-- Supplied data follows --
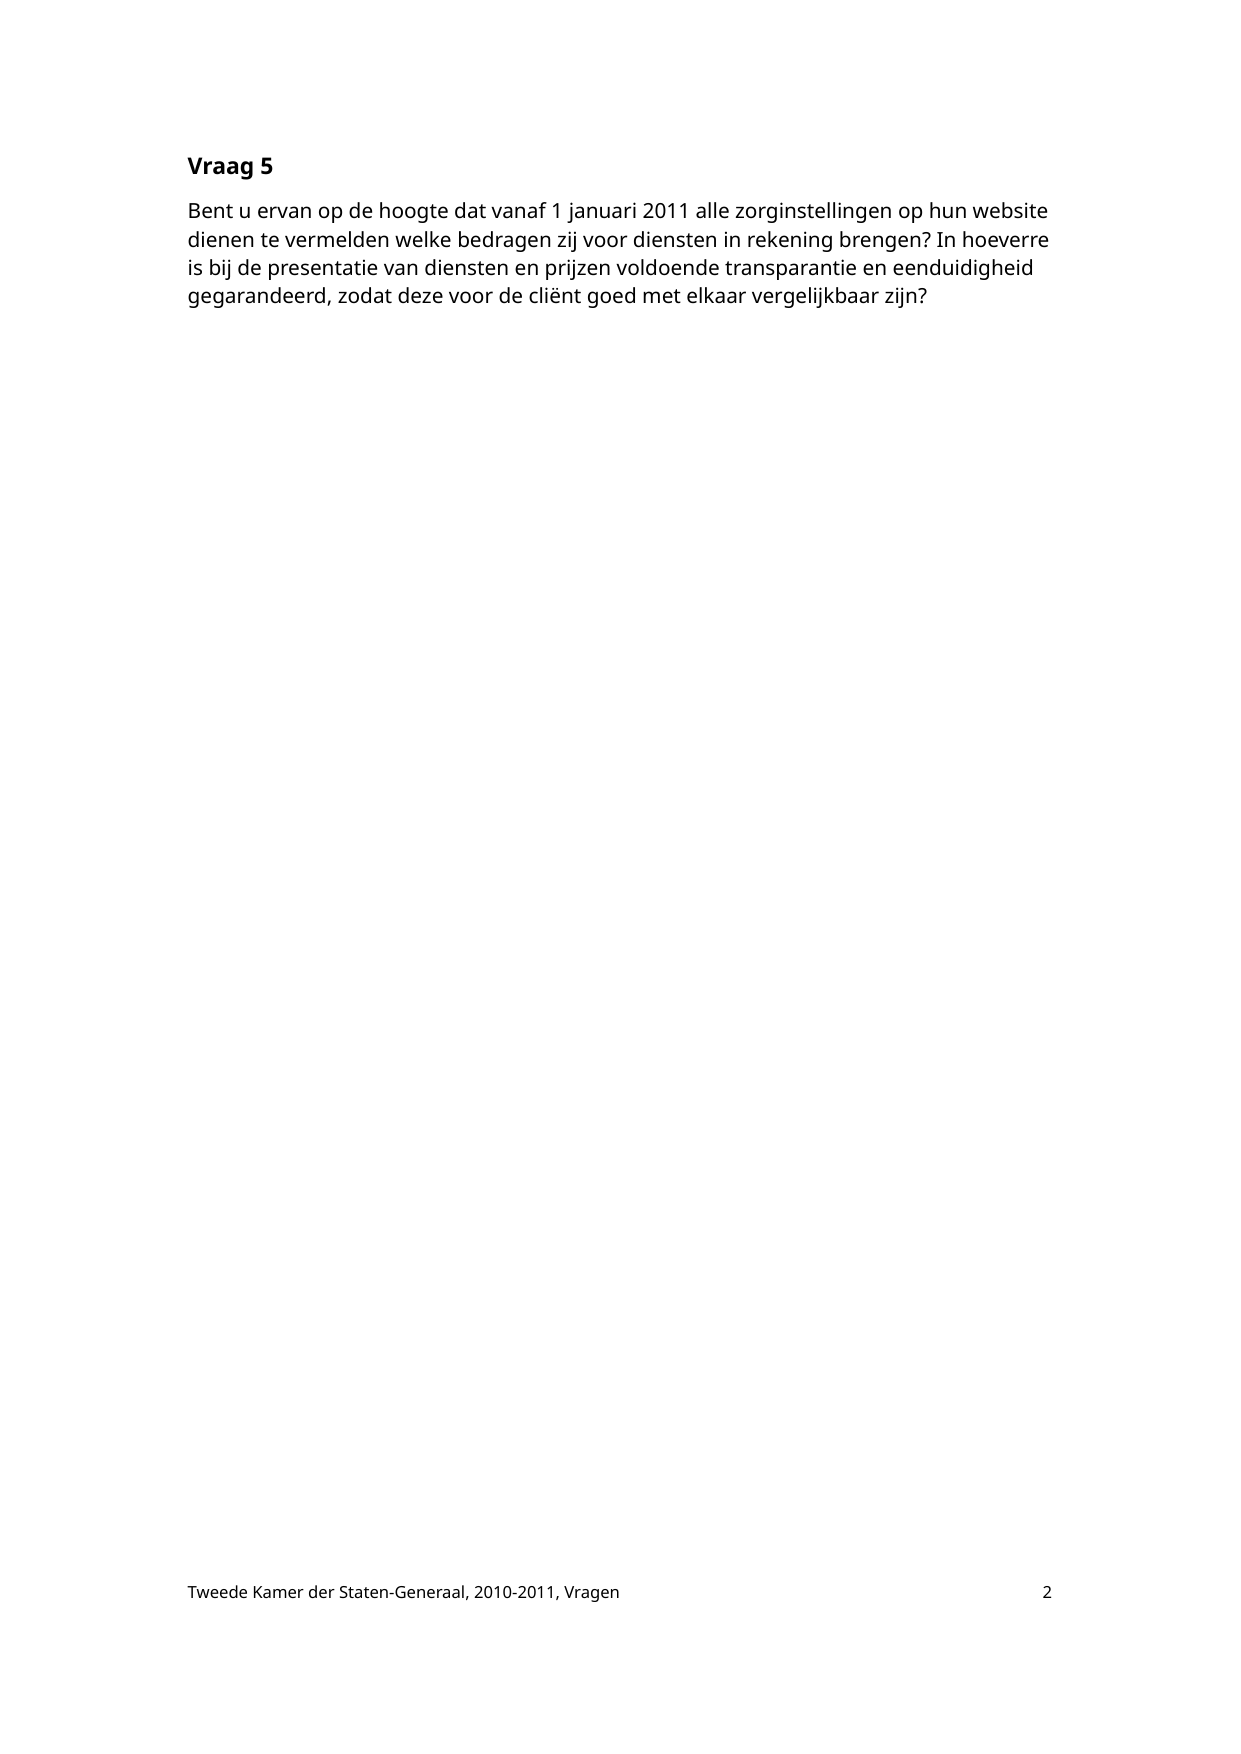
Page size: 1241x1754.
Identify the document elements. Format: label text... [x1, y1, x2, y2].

subtitle Vraag 5 [187, 150, 1053, 181]
text Bent u ervan op de hoogte dat vanaf 1 januari 2011 alle zorginstellingen op hun website dienen te vermelden welke bedragen zij voor diensten in rekening brengen? In hoeverre is bij de presentatie van diensten en prijzen voldoende transparantie en eenduidigheid gegarandeerd, zodat deze voor de cliënt goed met elkaar vergelijkbaar zijn? [187, 196, 1053, 310]
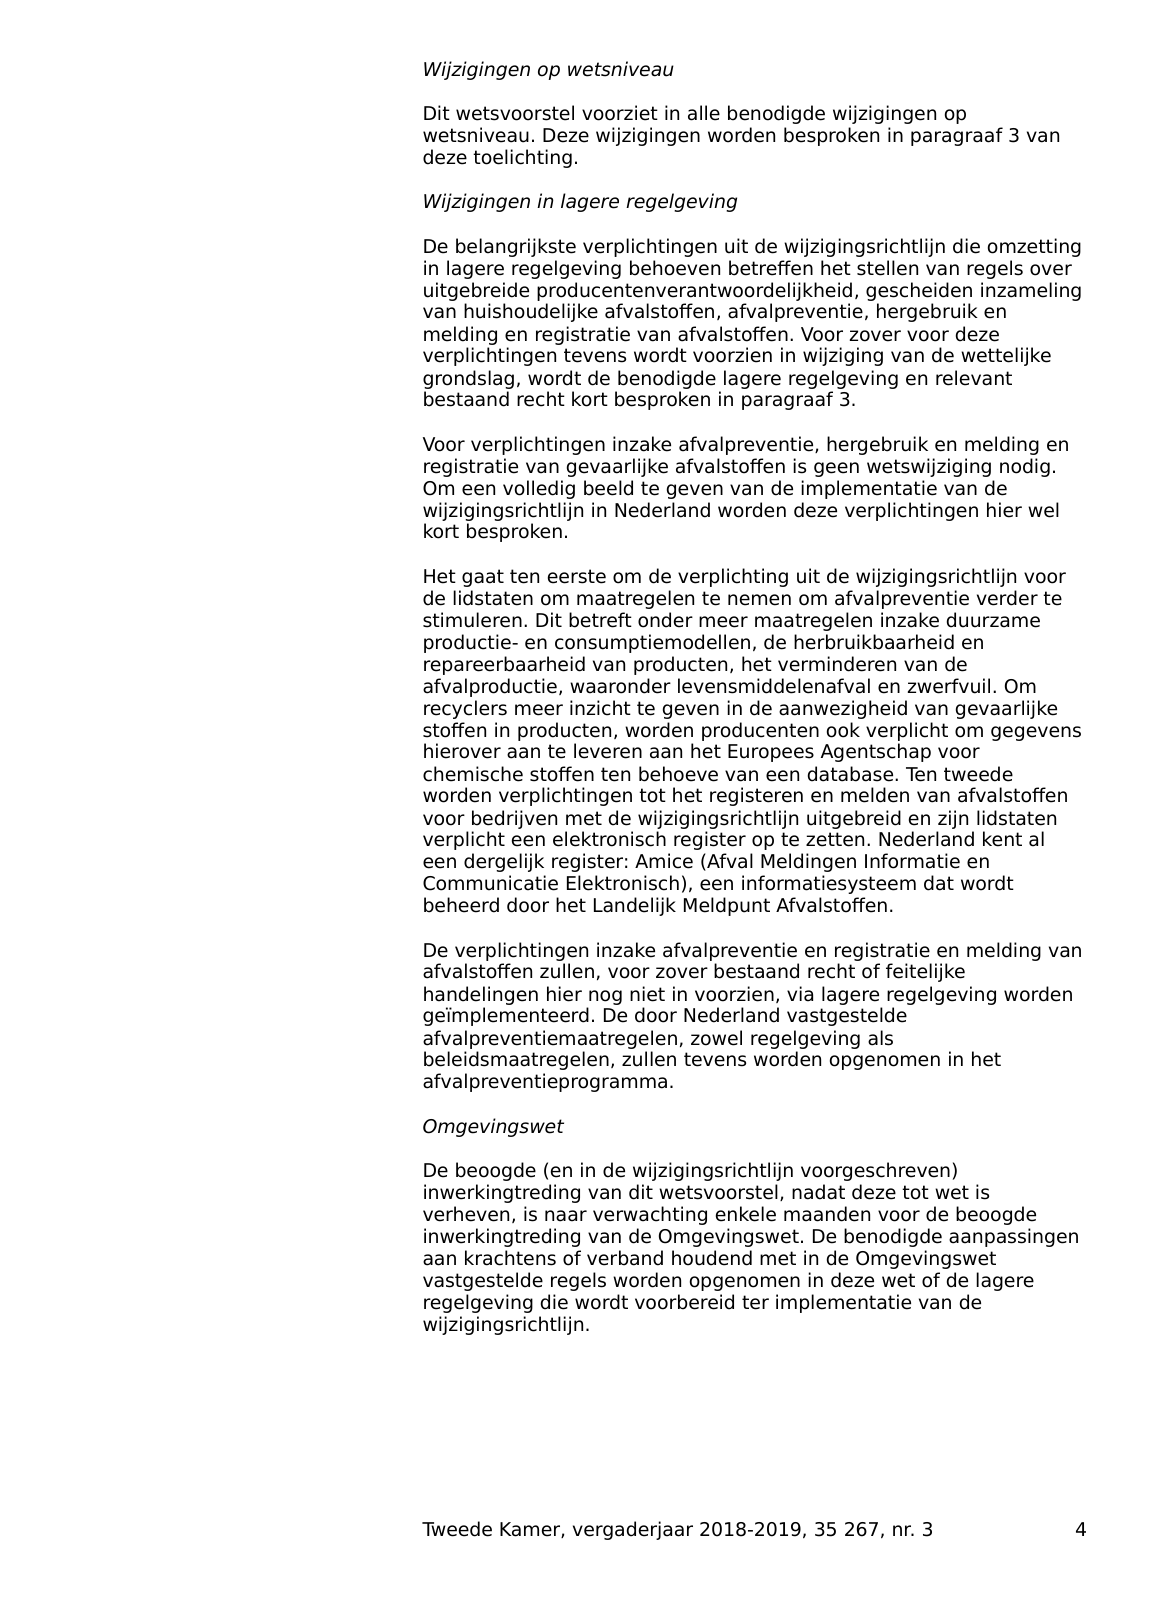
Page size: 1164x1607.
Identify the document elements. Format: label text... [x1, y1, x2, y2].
-- Supplied data concluded --
### Requirement
From the entries above, copy each line that holds "size".

### Task result
Page size: 1241x1754.
Page size: 1164x1607.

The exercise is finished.